Ci-dessus: Akakpo Ghislain SJ., De CIEE-CAR, Mme Felicienne Zongo Ouedraogo de ABE-Burkina Faso, Mme Ornela Emefa de CEL / CCL-Togo, et Ininahazwe Christy SJ., De Yezu Mwiza-Burundi posent avec la bannière de l’événement

«Nous ne sommes pas là pour l’argent ni pour la gloire. Il y a quelque chose de plus grand encore », Père Orobator, SJ

Le 2 février 2021, au début de l’Assemblée de cinq jours du Réseau Jésuite Africain contre le SIDA (AJAN), le Père Agbonkhianmeghe Orobator, S.J., Président de la Conférence des Jésuites d’Afrique et de Madagascar (JCAM), a fait remarquer qu’il était important de prier bien discerner ce que Dieu dit au réseau AJAN en ce moment. En outre, a-t-il ajouté, lorsque Dieu parle, chacun doit être prêt à suivre et exécuté cette volonté. « A quoi est-ce que Dieu nous appelle exactement à faire? Nous appelle-t-il à nous concentrer sur une autre pandémie, par exemple? Il existe de nombreuses pandémies dans le monde aujourd’hui. Le travail sur le VIH et le SIDA est-il terminé ou devons-nous faire plus? », a demandé le Président du JCAM aux différents participants.

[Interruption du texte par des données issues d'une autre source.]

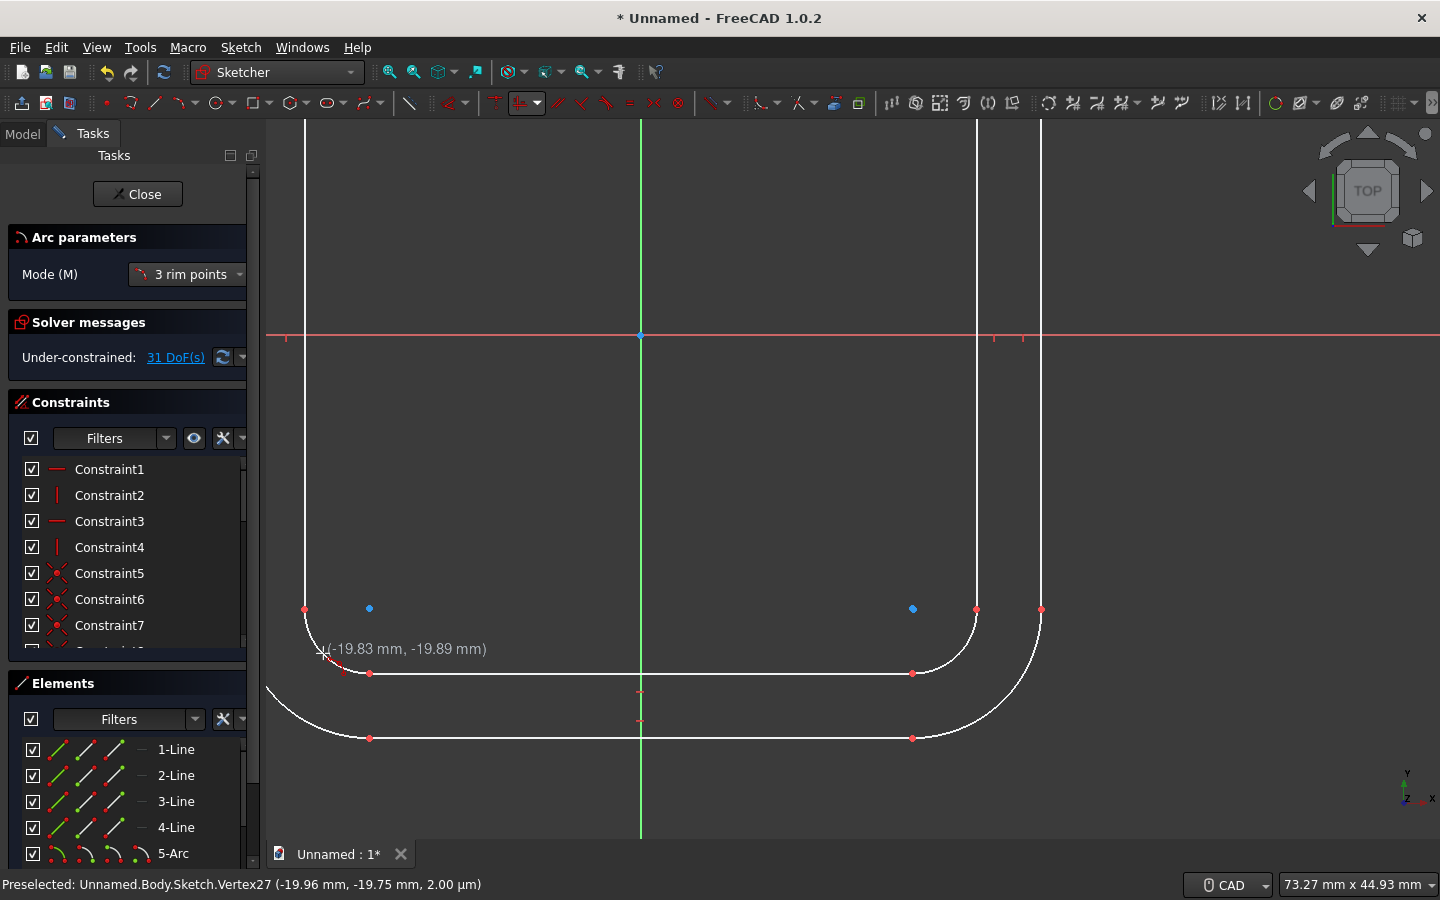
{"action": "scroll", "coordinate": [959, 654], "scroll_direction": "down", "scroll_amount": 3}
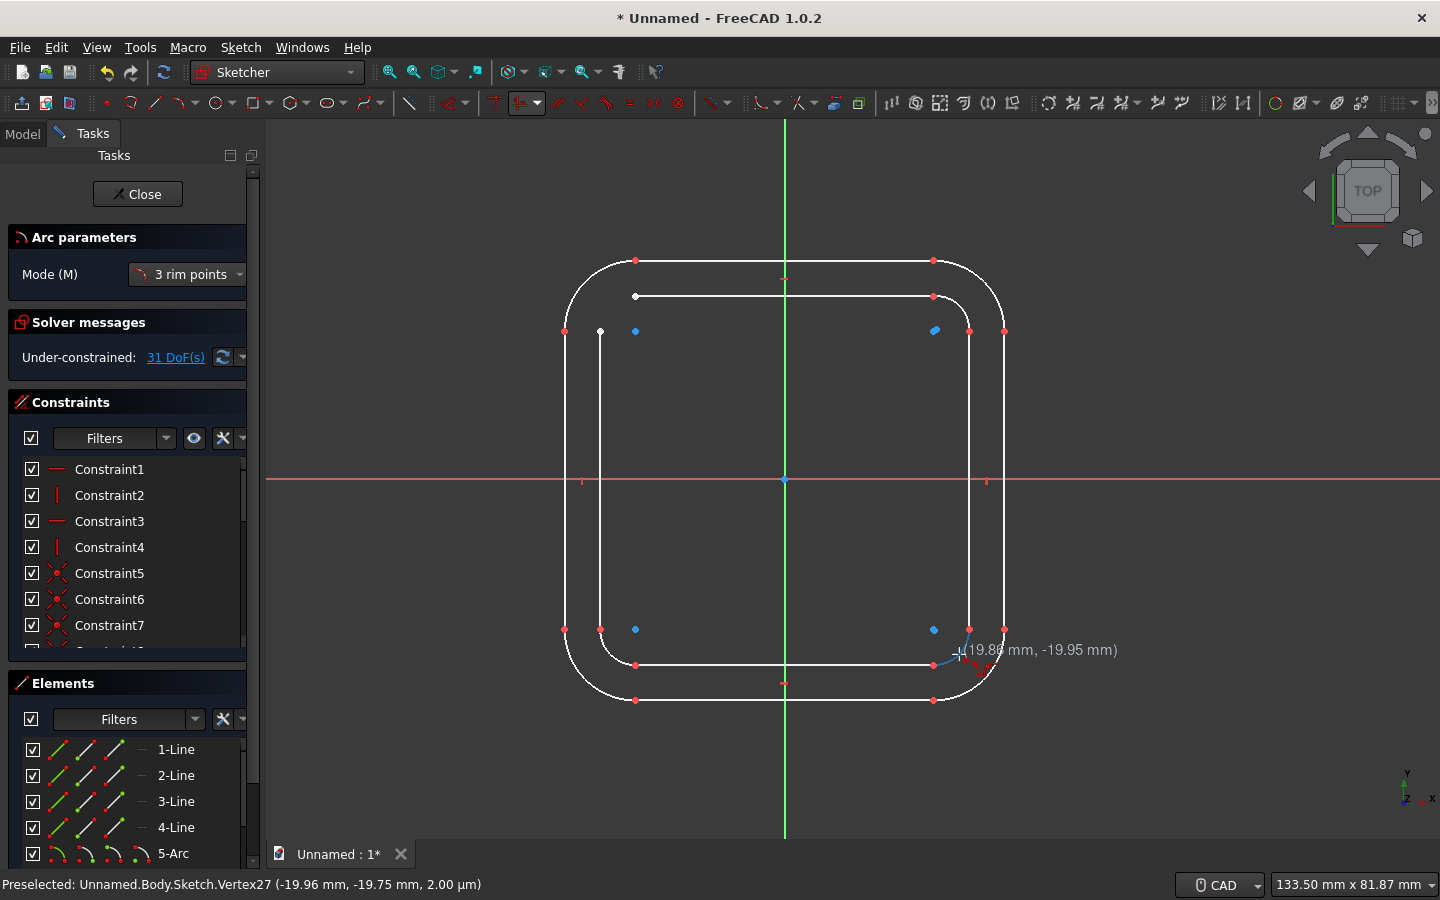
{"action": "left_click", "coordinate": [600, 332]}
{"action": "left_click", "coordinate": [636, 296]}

Ci-dessus: des membres d’AJAN devant la maison Roussel à Karen, Nairobi -Kenya

Le Père Orobator, S.J. a également encouragé les participants à cette Assemblée à réfléchir et à considérer les 20 ans que les jésuites ont travaillé en Afrique dans la lutte contre le SIDA tout en faisant remarquer qu’aucune de ces années n’a été vaine. Ces encouragements ont été fait au cours de la messe d’ouverture qu’il a présidé, lorsqu’il est notamment revenu dans son homélie sur la présentation de Jésus par ses parents au temple, doublée de la rencontre avec Siméon et Anna que raconte l’Évangile de Luc. Siméon et Anna, les deux vieux prophètes, a affirmé le prédicateur du jour, avaient passé des décennies à attendre les promesses de Dieu à leur égard, pour enfin les voir prendre vie dans l’enfant Jésus présent devant eux. Le père Orobator, a également invité les participants  à cette Assemblée du Réseau Jésuite Africain contre le SIDA, à ne pas perdre espoir simplement parce que leur travail peut s’étendre sur de nombreuses années, mais d’attendre avec impatience la promesse de succès futurs et la réalisation de la vision d’AJAN.

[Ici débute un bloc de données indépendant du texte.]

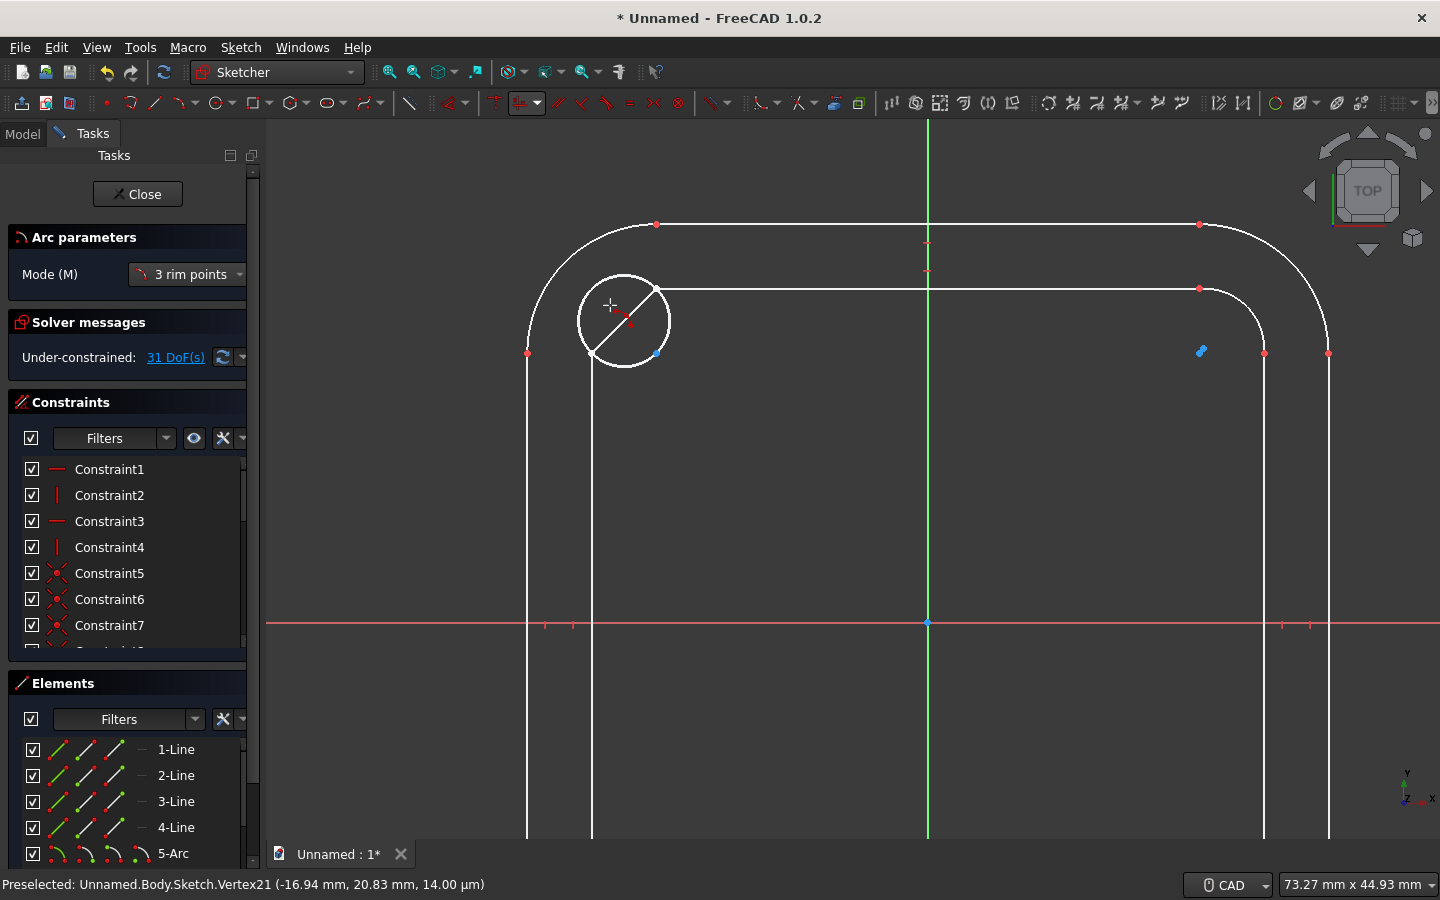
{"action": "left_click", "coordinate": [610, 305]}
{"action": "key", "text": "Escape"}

Cependant, a-t-il fait remarquer, le défi posé par le VIH a évolué au fil des années. « En embrassant la volonté de Dieu, nous devons être prêts à être créatifs et à ne pas répéter les mêmes façons de faire les choses et attendre des résultats différents. Quels nouveaux horizons voyons-nous s’ouvrir à nous en tant que Réseau malgré le changement, les limites, la léthargie et la fatigue qui s’installent? ».

Ci-dessous: Une discussion de groupe: Mme Mutinta Mapulanga du Collège St. Igantius, Lusaka-Zambie (veste en cuir), et à droite le P. Patrice Ndayisenga SJ., Centre Urumuri- Kigali, Rwanda, P. Gregory Mulobela SJ., Chukuni Homebased Care – Zambie (chemise blanche), M. Clive Pawakwenyewa de l’IYD-Zimbabwe et le P. Michael Edomobi SJ., De la paroisse Holy Family -Liberia.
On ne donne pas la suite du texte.